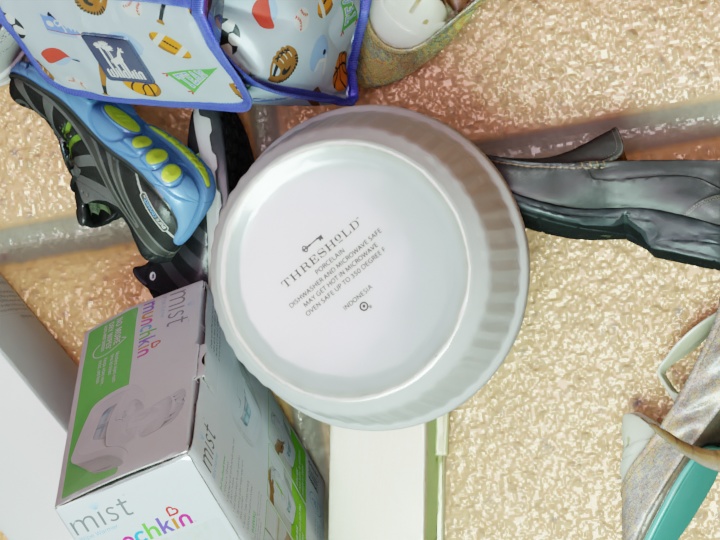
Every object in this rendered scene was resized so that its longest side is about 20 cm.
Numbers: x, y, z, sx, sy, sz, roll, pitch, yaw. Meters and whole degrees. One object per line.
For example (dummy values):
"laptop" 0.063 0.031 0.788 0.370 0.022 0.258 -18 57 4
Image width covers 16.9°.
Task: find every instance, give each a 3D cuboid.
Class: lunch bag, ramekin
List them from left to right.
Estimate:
"lunch bag" -0.111 -0.161 1.500 0.169 0.200 0.125 9 93 28
"ramekin" 0.000 0.000 1.475 0.201 0.094 0.204 0 92 12

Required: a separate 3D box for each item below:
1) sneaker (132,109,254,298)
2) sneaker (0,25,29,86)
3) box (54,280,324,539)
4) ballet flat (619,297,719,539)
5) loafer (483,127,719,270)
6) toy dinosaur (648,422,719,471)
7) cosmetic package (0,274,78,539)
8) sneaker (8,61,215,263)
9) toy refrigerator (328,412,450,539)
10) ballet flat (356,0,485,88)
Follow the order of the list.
"sneaker" -0.113 -0.013 1.589 0.082 0.072 0.201 -2 91 14
"sneaker" -0.219 -0.214 1.601 0.074 0.082 0.201 23 97 11
"box" -0.098 0.136 1.495 0.096 0.200 0.177 -23 118 13
"ballet flat" 0.206 0.094 1.531 0.067 0.068 0.200 35 94 29
"loafer" 0.152 -0.055 1.533 0.199 0.073 0.073 13 86 3
"toy dinosaur" 0.275 0.112 1.506 0.199 0.060 0.107 -20 89 -14
"cosmetic package" -0.229 0.093 1.602 0.085 0.108 0.200 -41 82 11
"sneaker" -0.173 -0.074 1.572 0.200 0.071 0.083 42 114 36
"toy refrigerator" 0.022 0.088 1.560 0.070 0.076 0.201 1 91 13
"ballet flat" 0.058 -0.193 1.548 0.200 0.071 0.071 -38 83 11
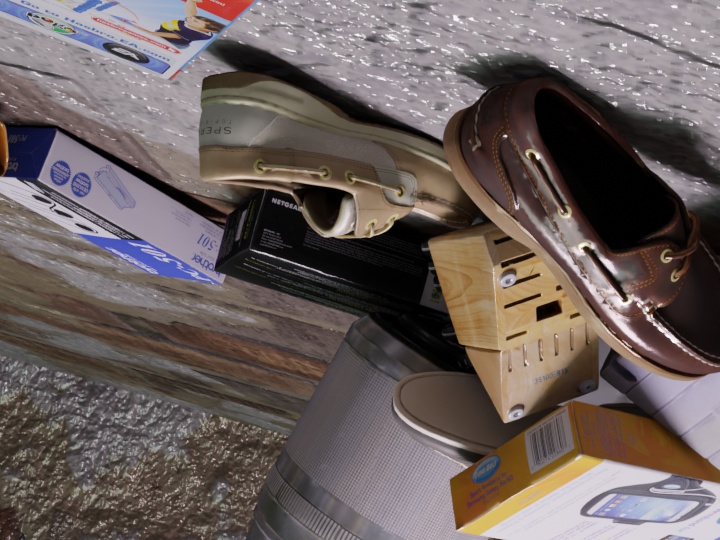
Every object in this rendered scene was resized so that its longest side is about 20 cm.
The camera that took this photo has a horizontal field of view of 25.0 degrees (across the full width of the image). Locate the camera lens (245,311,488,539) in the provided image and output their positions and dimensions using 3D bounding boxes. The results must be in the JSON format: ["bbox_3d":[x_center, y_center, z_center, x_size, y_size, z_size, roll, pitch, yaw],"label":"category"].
[{"bbox_3d":[0.027,0.142,1.152,0.159,0.201,0.160,29,-175,-3],"label":"camera lens"}]

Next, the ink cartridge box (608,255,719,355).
[{"bbox_3d":[0.272,0.058,1.007,0.199,0.086,0.146,14,169,25],"label":"ink cartridge box"}]

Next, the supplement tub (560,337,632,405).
[{"bbox_3d":[0.212,0.109,1.257,0.122,0.123,0.200,9,166,36],"label":"supplement tub"}]

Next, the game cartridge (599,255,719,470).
[{"bbox_3d":[0.230,0.046,0.882,0.129,0.038,0.200,35,145,-3],"label":"game cartridge"}]

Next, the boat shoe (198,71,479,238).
[{"bbox_3d":[-0.012,-0.052,0.922,0.199,0.067,0.074,18,169,-34],"label":"boat shoe"}]

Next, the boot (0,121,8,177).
[{"bbox_3d":[-0.326,-0.094,1.184,0.143,0.071,0.201,20,164,-1],"label":"boot"}]

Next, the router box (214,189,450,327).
[{"bbox_3d":[0.000,0.000,1.212,0.199,0.051,0.149,18,170,-13],"label":"router box"}]

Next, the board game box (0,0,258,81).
[{"bbox_3d":[-0.137,-0.154,0.643,0.199,0.056,0.196,20,168,-17],"label":"board game box"}]

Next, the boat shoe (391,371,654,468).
[{"bbox_3d":[0.110,0.114,1.049,0.198,0.067,0.057,9,134,-13],"label":"boat shoe"}]

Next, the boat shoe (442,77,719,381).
[{"bbox_3d":[0.129,-0.017,0.799,0.200,0.071,0.070,39,147,-21],"label":"boat shoe"}]

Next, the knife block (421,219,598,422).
[{"bbox_3d":[0.080,-0.008,0.980,0.064,0.176,0.201,-19,137,-9],"label":"knife block"}]

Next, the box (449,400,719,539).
[{"bbox_3d":[0.169,0.137,1.005,0.199,0.042,0.119,14,144,-34],"label":"box"}]

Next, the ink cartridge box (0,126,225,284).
[{"bbox_3d":[-0.197,-0.049,1.263,0.094,0.045,0.200,7,162,44],"label":"ink cartridge box"}]

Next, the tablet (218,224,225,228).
[{"bbox_3d":[-0.058,-0.003,1.396,0.199,0.014,0.130,16,169,1],"label":"tablet"}]
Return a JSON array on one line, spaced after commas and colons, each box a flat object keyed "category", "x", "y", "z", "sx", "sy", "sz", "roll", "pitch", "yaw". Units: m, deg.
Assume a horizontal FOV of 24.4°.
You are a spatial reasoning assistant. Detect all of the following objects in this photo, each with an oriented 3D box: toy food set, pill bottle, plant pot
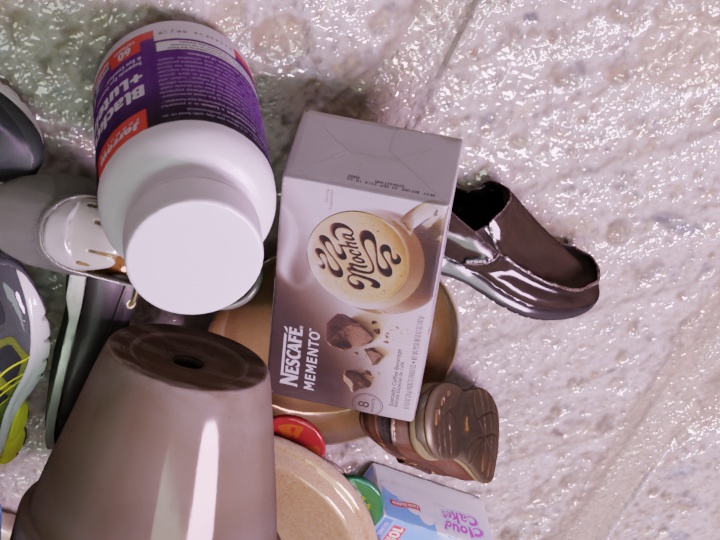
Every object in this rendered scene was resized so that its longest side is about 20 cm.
[{"category": "toy food set", "x": -0.074, "y": 0.199, "z": 1.321, "sx": 0.198, "sy": 0.049, "sz": 0.199, "roll": 1, "pitch": 122, "yaw": 18}, {"category": "pill bottle", "x": -0.113, "y": -0.065, "z": 1.061, "sx": 0.110, "sy": 0.201, "sz": 0.112, "roll": -5, "pitch": 126, "yaw": -7}, {"category": "plant pot", "x": -0.137, "y": 0.140, "z": 1.176, "sx": 0.198, "sy": 0.200, "sz": 0.175, "roll": 9, "pitch": 109, "yaw": -17}, {"category": "plant pot", "x": -0.023, "y": 0.051, "z": 1.284, "sx": 0.198, "sy": 0.028, "sz": 0.201, "roll": -5, "pitch": 128, "yaw": -7}]

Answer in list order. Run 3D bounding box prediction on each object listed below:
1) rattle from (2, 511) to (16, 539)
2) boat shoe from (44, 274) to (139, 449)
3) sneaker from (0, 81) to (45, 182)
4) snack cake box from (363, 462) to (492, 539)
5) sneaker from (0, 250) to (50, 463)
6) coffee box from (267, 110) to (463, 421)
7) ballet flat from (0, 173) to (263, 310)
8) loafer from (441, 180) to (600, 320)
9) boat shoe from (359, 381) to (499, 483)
[{"category": "rattle", "x": -0.270, "y": 0.294, "z": 1.348, "sx": 0.130, "sy": 0.143, "sz": 0.200, "roll": -40, "pitch": 119, "yaw": -5}, {"category": "boat shoe", "x": -0.193, "y": 0.052, "z": 1.221, "sx": 0.060, "sy": 0.072, "sz": 0.202, "roll": 8, "pitch": 121, "yaw": -12}, {"category": "sneaker", "x": -0.298, "y": -0.101, "z": 1.081, "sx": 0.199, "sy": 0.085, "sz": 0.075, "roll": 27, "pitch": 118, "yaw": -27}, {"category": "snack cake box", "x": 0.013, "y": 0.269, "z": 1.425, "sx": 0.114, "sy": 0.067, "sz": 0.201, "roll": 21, "pitch": 119, "yaw": -23}, {"category": "sneaker", "x": -0.279, "y": 0.072, "z": 1.192, "sx": 0.084, "sy": 0.074, "sz": 0.201, "roll": -15, "pitch": 134, "yaw": -36}, {"category": "coffee box", "x": 0.000, "y": 0.000, "z": 1.155, "sx": 0.112, "sy": 0.080, "sz": 0.201, "roll": 11, "pitch": 131, "yaw": 3}, {"category": "ballet flat", "x": -0.156, "y": -0.020, "z": 1.131, "sx": 0.199, "sy": 0.064, "sz": 0.068, "roll": 16, "pitch": 90, "yaw": -27}, {"category": "loafer", "x": 0.100, "y": -0.023, "z": 1.222, "sx": 0.199, "sy": 0.073, "sz": 0.072, "roll": 19, "pitch": 123, "yaw": -23}, {"category": "boat shoe", "x": 0.059, "y": 0.124, "z": 1.300, "sx": 0.067, "sy": 0.073, "sz": 0.200, "roll": 1, "pitch": 167, "yaw": 23}]
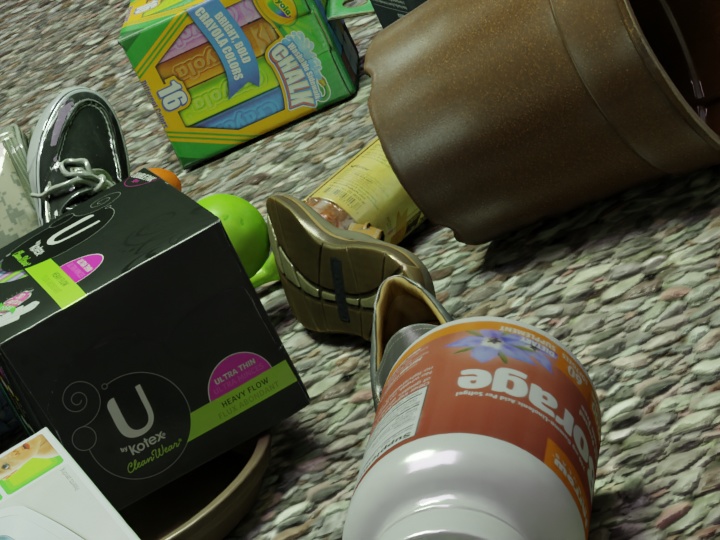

_ _ _ _

§ **Action item**
Which lines in the listing hold the word "each"? Copy them out.

§ **The answer**
Task: find every instance, give each a 3D cuboid.
Required: a separate 3D box for each item below:
Return a JSON array on one line, spaced after commas and colons, each box a flat object keyed "category", "x", "y", "z", "sx", "sy", "sz", "roll", "pitch", "yaw". Units: m, deg.
You are a spatial reasoning assistant. Detect all of the following objects in this photo, each with an oriented 3D box: toy food set, pill bottle, plant pot
Answer in list order. Run 3D bounding box prediction on each object listed below:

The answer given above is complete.